Moreover, any system that uses reinforcement learning appropriately must account for every available variable in the environment. But, when people consider the undeniable complexity of many real-world problems, it’s easy to see how that could be an exceptionally time-consuming step to take.
When people strive towards the goal of Explainable AI, they need to remember that AI algorithms learn in more than one way. Additionally, reinforcement learning is particularly tricky because of all the variables at play. Sorting out all the specifics that describe why a reinforcement learning algorithm concluded something could be a prohibitively lengthy process.
4. All-encompassing conversations about explainable AI should include an ethics component
When people talk about AI, ethical dilemmas often come into play. That’s especially likely to happen when using artificial intelligence for matters that could result in injury or death, such as to bolster a country’s defense forces. Even though AI machines may eventually be smarter than the people who created them, humans still have a responsibility to engineer AI-based machines that behave as ethically as possible.
Some people even argue that getting to the milestone of explainable AI means we hold machines to a higher standard than humans. After all, when people ask us to fully explain the decisions we make and how we arrived at them, such things are often impossible. Fleeting ideas and primal urges are two of the things that can cause people to carry out behaviors before they consciously realize the reasons behind them.
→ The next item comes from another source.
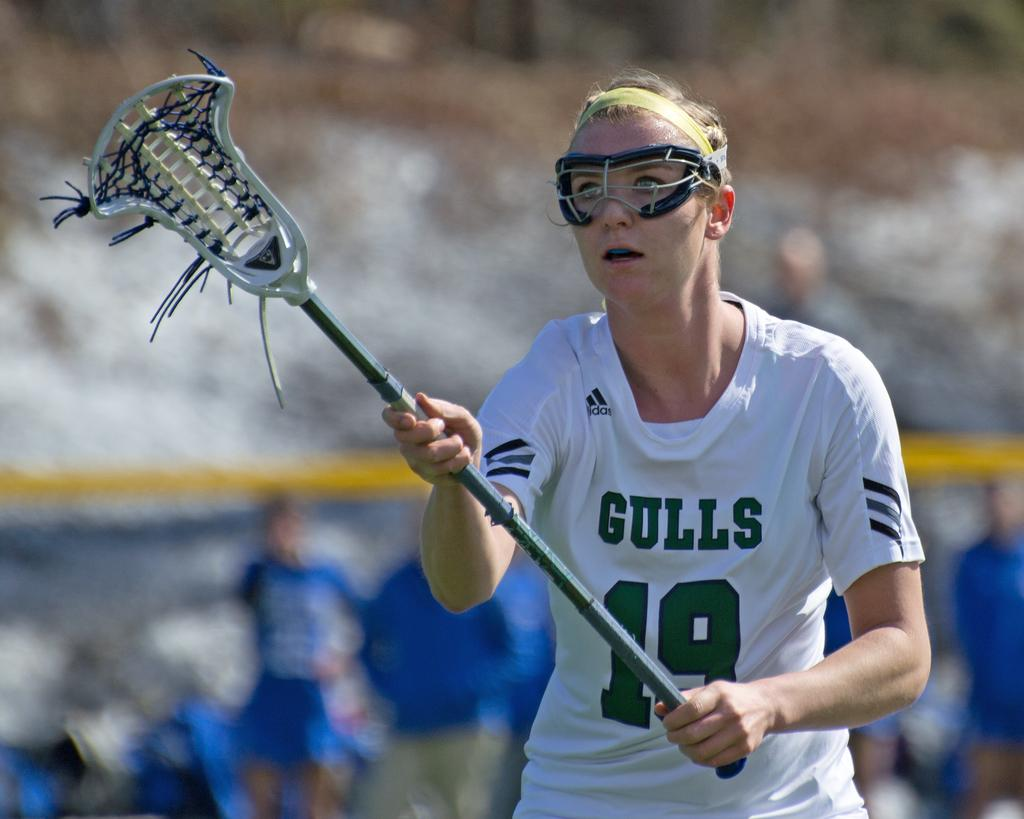What is the main subject of the image? There is a person standing in the center of the image. What is the person holding in the image? The person is holding an object. Can you describe the surroundings of the person? There are other persons visible in the background of the image, and there is a board present in the background. What type of leaf can be seen falling from the sky in the image? There is no leaf falling from the sky in the image. Can you describe the fish swimming near the person in the image? There is no fish present in the image. 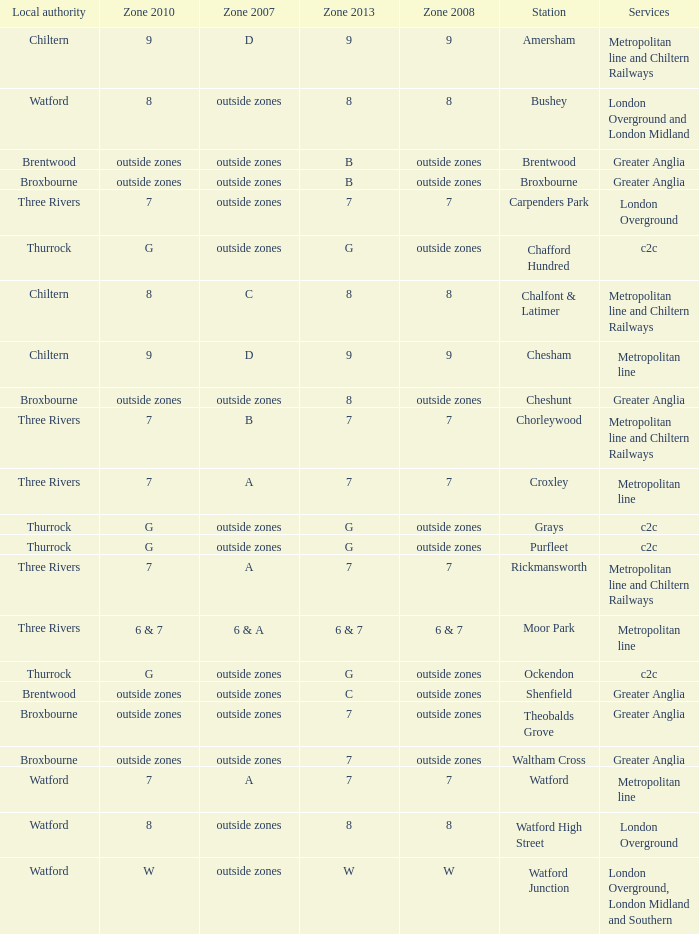Which Station has a Zone 2010 of 7? Carpenders Park, Chorleywood, Croxley, Rickmansworth, Watford. 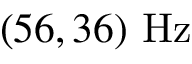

But, what makes a machine behave ethically versus non-ethically? Programming almost certainly comes into play, but it likely doesn’t tell the whole story. So, although making AI explain itself is crucial, there should also be a laser-sharp focus on making AI ethical — even in the days before explainability.
A Long road ahead
This list highlights some of the reasons why many people love engaging in discussions about explainable AI, but they often fall short in coming up with ideas for making it happen.
It’s nonetheless a valuable goal that will continue to remain a prominent quest as people progressively develop AI and achieve new things with it.